- _Data to process_
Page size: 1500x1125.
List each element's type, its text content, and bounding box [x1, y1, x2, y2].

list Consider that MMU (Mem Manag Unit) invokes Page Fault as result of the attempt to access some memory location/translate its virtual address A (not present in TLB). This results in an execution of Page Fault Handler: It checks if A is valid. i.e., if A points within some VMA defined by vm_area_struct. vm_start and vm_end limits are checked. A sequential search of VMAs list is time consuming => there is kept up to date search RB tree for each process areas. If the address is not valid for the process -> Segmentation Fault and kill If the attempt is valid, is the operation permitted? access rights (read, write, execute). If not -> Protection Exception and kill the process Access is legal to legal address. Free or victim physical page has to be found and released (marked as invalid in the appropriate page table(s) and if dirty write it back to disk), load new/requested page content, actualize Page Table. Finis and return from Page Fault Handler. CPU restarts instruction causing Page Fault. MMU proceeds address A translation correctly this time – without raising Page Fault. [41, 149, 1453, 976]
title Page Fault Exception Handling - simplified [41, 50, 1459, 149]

==

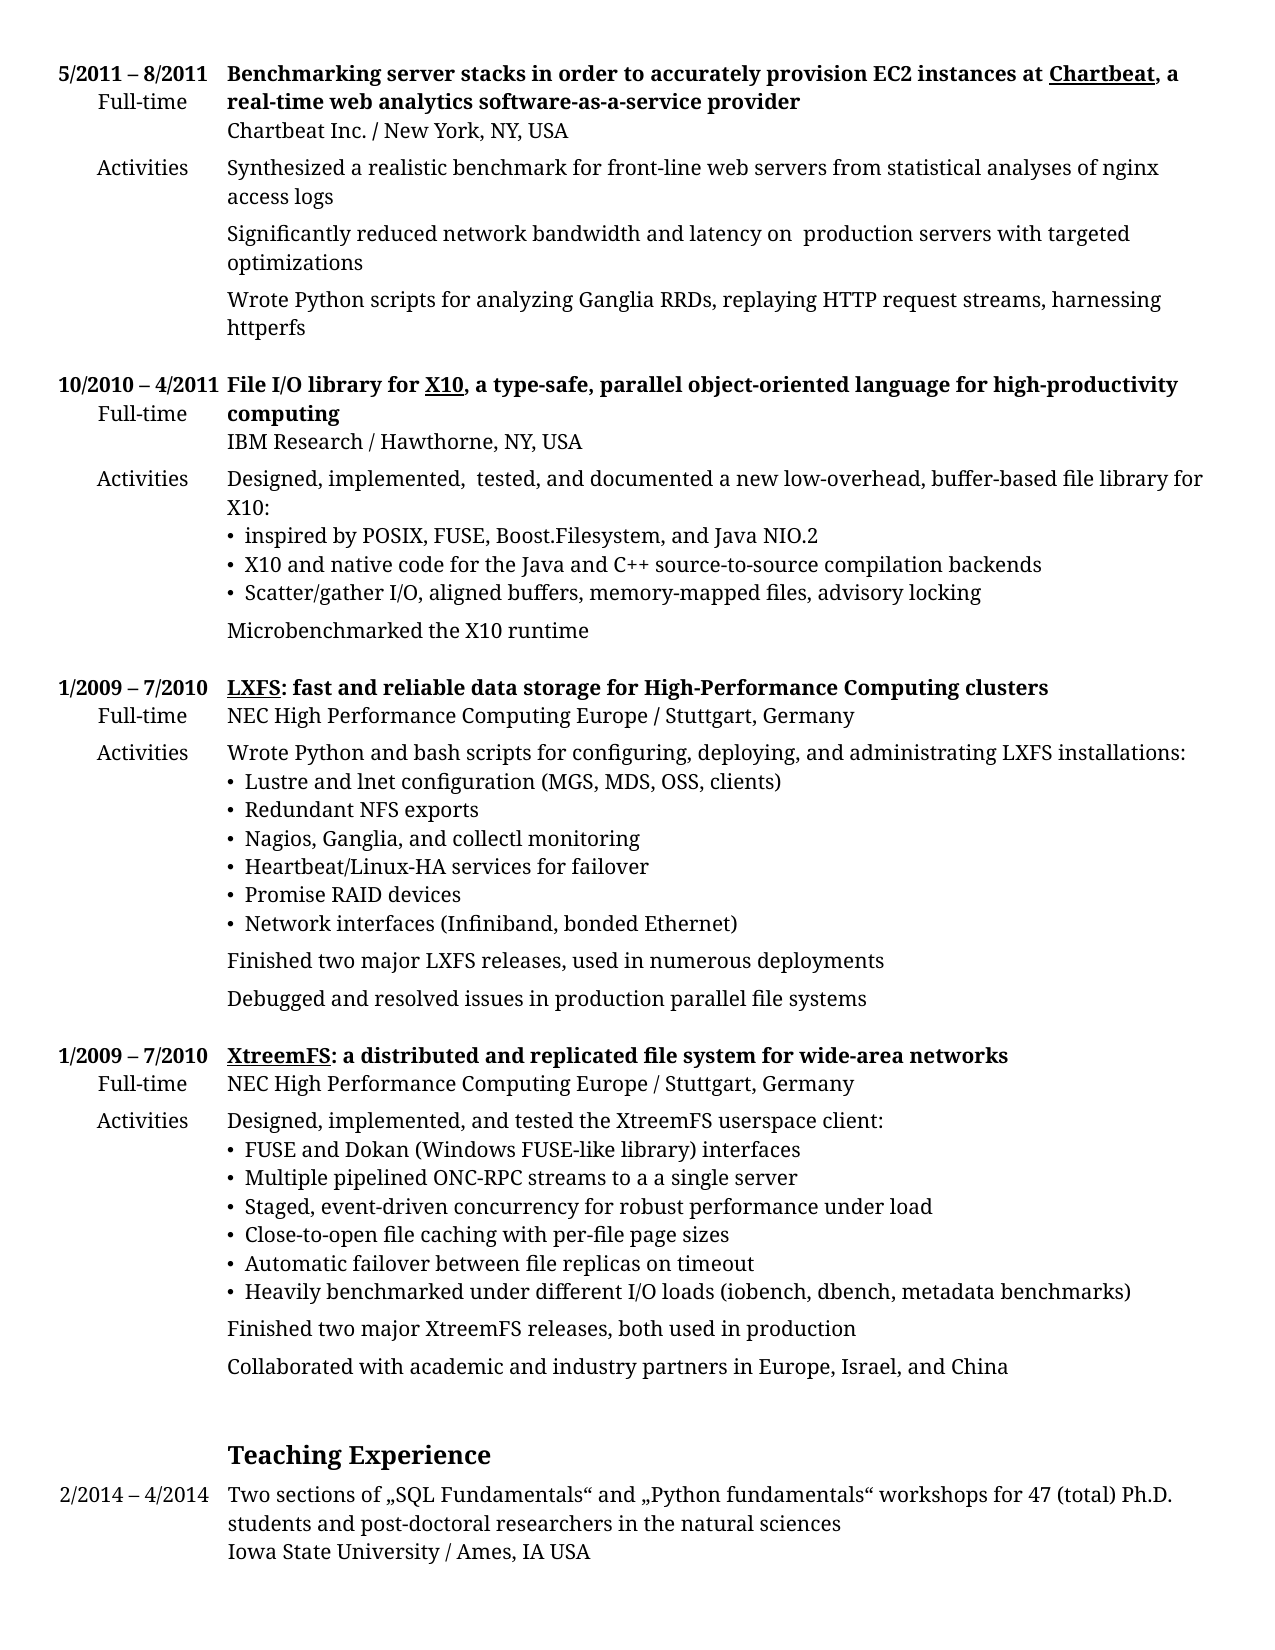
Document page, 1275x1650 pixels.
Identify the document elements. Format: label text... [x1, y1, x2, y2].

- _What you will do_
Every line from the line containing "Document page, 1275x1650 pixels." through the line containing "Identify the document" in the records above must be retyped exactly. Leave out the rest.

- _Response area_
Document page, 1275x1650 pixels.
Identify the document elements. Format: label text... [x1, y1, x2, y2].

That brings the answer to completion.